By Angela Reinhardt, Staff Writer
areinhardt@pickensprogress.com
“AI Reviews MoMA’s Latest Exhibition.”
That was the subject line of an arts newsletter I received recently. Hyperallergic editors asked the most popular AI (Artificial Intelligence) chatbot, Chat GPT, to review the AI-influenced artwork of Refik Anadol. I had to read it.
The first question was straightforward – write a review and what’s your critique? The AI response was straightforward, too, and could have easily been farmed from online reviews. Editors’ second question was more complex though – review the exhibition from a post-colonial perspective.
“From a post-colonial perspective, ‘Unsupervised’ can be interpreted as a commentary on the power dynamics and cultural hegemony that underpin the production and dissemination of knowledge…” and the review continues.
Chat GPT’s impressive connection between post-colonialism and AI art is one of many examples of AI creeping into our lives. Big tech companies are racing to introduce AI chatbots we can have conversations with. There’s AI-generated art and fiction writing; facial recognition; text editors; auto-correct; smart cars; and on and on and on. AI is pervasive now; it’s so much more than those clunky robot butlers from old science fiction films (Now that I think about it, where are all the robot butlers we were promised in a futuristic world?).

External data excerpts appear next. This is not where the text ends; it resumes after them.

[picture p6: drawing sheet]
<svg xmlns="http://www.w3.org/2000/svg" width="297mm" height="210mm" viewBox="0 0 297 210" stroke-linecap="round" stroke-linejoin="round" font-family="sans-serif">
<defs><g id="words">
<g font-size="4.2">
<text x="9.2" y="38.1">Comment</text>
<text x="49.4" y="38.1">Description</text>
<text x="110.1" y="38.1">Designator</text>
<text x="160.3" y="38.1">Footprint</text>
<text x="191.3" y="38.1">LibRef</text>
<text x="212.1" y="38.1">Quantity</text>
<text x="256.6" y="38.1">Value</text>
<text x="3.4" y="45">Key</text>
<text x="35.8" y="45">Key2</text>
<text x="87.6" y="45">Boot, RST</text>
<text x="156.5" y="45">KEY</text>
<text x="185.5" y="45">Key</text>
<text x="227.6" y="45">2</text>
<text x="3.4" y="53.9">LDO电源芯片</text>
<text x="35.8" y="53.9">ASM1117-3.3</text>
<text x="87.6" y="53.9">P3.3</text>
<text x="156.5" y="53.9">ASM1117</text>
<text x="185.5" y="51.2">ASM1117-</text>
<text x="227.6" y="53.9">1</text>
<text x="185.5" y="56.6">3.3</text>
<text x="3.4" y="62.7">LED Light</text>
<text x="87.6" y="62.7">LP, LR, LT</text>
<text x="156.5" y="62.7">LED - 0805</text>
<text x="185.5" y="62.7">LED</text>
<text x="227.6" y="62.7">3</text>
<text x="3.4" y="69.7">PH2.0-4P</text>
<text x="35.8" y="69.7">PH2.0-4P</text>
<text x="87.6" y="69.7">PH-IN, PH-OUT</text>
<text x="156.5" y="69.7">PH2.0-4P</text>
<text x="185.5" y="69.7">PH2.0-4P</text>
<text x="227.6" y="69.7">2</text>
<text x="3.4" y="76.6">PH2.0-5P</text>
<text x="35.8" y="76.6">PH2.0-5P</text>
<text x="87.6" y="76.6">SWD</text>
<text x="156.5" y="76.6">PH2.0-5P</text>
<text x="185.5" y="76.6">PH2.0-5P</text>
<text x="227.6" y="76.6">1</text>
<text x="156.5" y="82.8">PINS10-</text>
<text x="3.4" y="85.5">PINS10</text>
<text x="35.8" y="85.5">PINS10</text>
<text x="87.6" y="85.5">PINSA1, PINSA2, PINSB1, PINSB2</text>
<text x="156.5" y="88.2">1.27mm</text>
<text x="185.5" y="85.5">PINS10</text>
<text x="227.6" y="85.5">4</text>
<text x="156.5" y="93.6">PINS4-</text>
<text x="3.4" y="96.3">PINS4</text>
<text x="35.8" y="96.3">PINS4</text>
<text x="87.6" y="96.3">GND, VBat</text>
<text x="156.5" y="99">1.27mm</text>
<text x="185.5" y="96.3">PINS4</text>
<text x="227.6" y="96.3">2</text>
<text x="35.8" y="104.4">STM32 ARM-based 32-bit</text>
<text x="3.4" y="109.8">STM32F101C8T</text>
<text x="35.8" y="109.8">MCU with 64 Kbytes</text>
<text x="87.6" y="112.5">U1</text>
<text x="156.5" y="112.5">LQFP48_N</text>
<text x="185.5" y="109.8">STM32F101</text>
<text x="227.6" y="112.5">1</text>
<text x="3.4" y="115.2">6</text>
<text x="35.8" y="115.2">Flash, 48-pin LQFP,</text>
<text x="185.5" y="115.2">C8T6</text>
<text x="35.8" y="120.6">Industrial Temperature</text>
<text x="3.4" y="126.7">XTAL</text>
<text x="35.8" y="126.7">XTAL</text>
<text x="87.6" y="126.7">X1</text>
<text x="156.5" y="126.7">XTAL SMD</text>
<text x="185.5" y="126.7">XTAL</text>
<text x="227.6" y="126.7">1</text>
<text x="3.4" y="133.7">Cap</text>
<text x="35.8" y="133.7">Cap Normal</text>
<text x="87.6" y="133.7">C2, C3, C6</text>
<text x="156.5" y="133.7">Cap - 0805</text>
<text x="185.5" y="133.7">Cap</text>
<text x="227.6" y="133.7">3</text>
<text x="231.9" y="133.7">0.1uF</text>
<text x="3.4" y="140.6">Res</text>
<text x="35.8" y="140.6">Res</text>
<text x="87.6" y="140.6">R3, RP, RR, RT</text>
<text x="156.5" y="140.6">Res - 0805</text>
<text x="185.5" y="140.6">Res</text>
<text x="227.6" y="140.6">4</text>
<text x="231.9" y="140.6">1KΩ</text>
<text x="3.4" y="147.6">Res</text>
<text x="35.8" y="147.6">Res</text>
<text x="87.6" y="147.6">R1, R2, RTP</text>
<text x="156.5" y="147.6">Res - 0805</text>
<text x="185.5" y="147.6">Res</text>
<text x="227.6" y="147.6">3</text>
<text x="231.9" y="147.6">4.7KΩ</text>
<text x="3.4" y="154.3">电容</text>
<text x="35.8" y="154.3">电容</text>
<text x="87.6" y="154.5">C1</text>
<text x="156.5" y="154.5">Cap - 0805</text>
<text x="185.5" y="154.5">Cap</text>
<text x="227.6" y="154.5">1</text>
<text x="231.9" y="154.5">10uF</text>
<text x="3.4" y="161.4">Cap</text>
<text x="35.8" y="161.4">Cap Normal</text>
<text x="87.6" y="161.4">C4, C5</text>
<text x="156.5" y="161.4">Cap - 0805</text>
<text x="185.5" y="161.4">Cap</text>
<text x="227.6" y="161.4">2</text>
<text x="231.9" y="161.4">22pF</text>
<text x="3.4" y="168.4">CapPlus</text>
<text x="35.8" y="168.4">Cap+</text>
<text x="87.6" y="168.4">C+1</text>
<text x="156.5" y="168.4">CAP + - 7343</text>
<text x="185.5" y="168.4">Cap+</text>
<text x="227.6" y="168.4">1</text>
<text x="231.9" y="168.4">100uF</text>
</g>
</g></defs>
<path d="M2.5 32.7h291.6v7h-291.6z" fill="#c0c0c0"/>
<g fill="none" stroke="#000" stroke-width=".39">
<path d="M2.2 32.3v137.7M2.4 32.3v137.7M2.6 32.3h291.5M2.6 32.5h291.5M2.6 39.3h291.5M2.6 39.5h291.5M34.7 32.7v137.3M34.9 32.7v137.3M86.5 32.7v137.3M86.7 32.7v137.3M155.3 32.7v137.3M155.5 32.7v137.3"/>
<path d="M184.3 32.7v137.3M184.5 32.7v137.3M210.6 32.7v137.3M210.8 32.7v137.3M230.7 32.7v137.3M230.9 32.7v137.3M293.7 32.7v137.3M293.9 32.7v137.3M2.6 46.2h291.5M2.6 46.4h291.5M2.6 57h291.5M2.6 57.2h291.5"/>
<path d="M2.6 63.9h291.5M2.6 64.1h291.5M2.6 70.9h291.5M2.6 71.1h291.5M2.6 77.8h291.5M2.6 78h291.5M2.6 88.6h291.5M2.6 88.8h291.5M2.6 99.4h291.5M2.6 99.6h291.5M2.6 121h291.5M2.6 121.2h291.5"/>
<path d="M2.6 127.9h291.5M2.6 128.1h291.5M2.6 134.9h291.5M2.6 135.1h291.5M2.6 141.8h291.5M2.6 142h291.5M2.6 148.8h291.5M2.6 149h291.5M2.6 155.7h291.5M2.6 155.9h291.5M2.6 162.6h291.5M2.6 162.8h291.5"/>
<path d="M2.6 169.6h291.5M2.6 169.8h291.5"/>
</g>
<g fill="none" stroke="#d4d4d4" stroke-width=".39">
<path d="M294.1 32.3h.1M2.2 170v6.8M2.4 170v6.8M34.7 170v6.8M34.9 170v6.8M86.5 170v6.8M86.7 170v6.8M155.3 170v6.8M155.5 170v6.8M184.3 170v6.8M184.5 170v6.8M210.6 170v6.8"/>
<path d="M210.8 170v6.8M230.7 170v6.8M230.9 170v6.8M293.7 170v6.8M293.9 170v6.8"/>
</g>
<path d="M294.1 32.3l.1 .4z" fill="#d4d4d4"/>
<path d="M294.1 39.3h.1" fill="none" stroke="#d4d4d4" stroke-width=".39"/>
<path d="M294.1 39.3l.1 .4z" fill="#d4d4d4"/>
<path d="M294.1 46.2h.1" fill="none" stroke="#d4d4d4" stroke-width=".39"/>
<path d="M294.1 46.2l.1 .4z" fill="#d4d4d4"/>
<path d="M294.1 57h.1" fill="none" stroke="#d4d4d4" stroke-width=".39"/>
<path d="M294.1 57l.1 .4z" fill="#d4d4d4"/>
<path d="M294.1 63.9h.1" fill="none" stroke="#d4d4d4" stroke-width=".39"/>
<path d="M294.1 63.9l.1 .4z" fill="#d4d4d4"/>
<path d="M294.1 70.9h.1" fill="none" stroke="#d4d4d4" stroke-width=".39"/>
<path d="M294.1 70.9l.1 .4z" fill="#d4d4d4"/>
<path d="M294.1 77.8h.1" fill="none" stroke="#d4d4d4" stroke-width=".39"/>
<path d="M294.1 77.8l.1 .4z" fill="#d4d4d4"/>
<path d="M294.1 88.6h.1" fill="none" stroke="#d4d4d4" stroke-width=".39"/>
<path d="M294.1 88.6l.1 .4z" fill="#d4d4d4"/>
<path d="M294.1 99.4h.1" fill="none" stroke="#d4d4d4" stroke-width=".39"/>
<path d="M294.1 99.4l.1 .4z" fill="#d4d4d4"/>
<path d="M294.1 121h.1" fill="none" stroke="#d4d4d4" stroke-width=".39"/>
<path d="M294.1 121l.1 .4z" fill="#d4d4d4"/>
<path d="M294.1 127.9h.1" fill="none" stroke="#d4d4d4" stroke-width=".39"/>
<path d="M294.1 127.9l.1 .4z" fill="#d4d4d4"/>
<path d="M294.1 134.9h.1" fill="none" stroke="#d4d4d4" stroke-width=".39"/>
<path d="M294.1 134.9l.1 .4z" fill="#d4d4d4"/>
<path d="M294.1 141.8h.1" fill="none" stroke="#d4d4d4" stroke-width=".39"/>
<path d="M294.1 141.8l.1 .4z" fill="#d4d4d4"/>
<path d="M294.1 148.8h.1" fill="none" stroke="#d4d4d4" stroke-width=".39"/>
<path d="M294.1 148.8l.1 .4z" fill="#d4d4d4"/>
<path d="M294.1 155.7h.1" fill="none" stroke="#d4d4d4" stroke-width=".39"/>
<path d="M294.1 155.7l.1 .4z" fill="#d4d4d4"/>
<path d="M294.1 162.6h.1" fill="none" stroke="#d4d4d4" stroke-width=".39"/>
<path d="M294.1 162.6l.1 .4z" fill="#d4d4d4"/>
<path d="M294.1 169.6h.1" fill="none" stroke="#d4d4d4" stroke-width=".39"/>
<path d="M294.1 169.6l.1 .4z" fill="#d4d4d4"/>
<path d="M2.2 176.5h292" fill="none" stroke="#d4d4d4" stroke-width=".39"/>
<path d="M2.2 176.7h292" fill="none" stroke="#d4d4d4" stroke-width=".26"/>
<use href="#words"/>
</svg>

Futurist and inventor Ray Kurzweil (also Google’s director of engineering) and his theory of “singularity” comes to mind. Kurzweil predicts that by 2029 computers will have human-levels of intelligence, and that by 2045 we’ll reach what he calls “singularity,” a point-of-no-return “when we will multiply our effective intelligence a billion fold by merging with the intelligence we have created.”
It sounds anti-human and apocalyptic, but for Kurzweil – whose past predictions have been highly accurate – the future he sees isn’t AI vs. humans like in Terminator. He sees AI as a benefit to humans. He says AI is “ empowering all of us. They’re making us smarter.”
Smart phones are already ubiquitous even in non-industrialized countries, and have become extensions of our physical bodies. A few years ago only the biggest tech/gadget geeks carried cell phones on their physical person – it was strange to see. Now nearly everyone does. Smart phones are so important that people give up the use of one hand to carry them around, rather than putting it in a pocket or purse.
It’s not a stretch to think that in a few more years as tech and AI expand exponentially in “a law of accelerating returns,” people will want AI implanted in their bodies and brains to connect to the cloud just like the futurist predicts. In the last 15 years we’ve all lived through an exponential technological change, why is it unthinkable another just as significant a change won’t happen again?
The progression to singularity (if it does happen) will come in many steps, “each of which seems benign, but then we look back to see what the situation is.”
Kurzweil is describing a progressive normalization of AI and mediated (through screens/tech) reality that sneak up on us, and I’m pretty sure we’re already on a runaway train to get there. But is the train going somewhere that will make us regret our past choices? What are the philosophical implications of the future human life, human creativity, and human relationships in light of AI? In more present and relatable terms, which jobs will AI take away from humans, and which will they create?
I can’t answer those questions, but I do feel like it’s too late to turn the juggernaut AI ship around. I’m part of the very last generation that remembers life without the internet and AI. My teenagers don’t have that perspective, and I’d imagine their generation will be much less inclined than I am to preserve a way of living that they can’t relate to – one of being disconnected from technology most of the time.
Tech does improve life in many ways, but it’s sad the lo-tech life many of us knew will likely never return. I find myself occasionally fantasizing about finding some hidden world tech/AI never reached. Despite my belief that AI is here to stay – and that it will become even more pervasive in our lives – I also believe our humanity is not replaceable and we can choose how much tech we want integrated in our daily lives.
When I texted my editor to tell him I was finished with this article he responded. “I wonder how long a chatbot would have taken to write it?”
“LOL. Probably a lot less time,” I said.
Still, we agreed, there’s no substitute for things that are handcrafted by a human.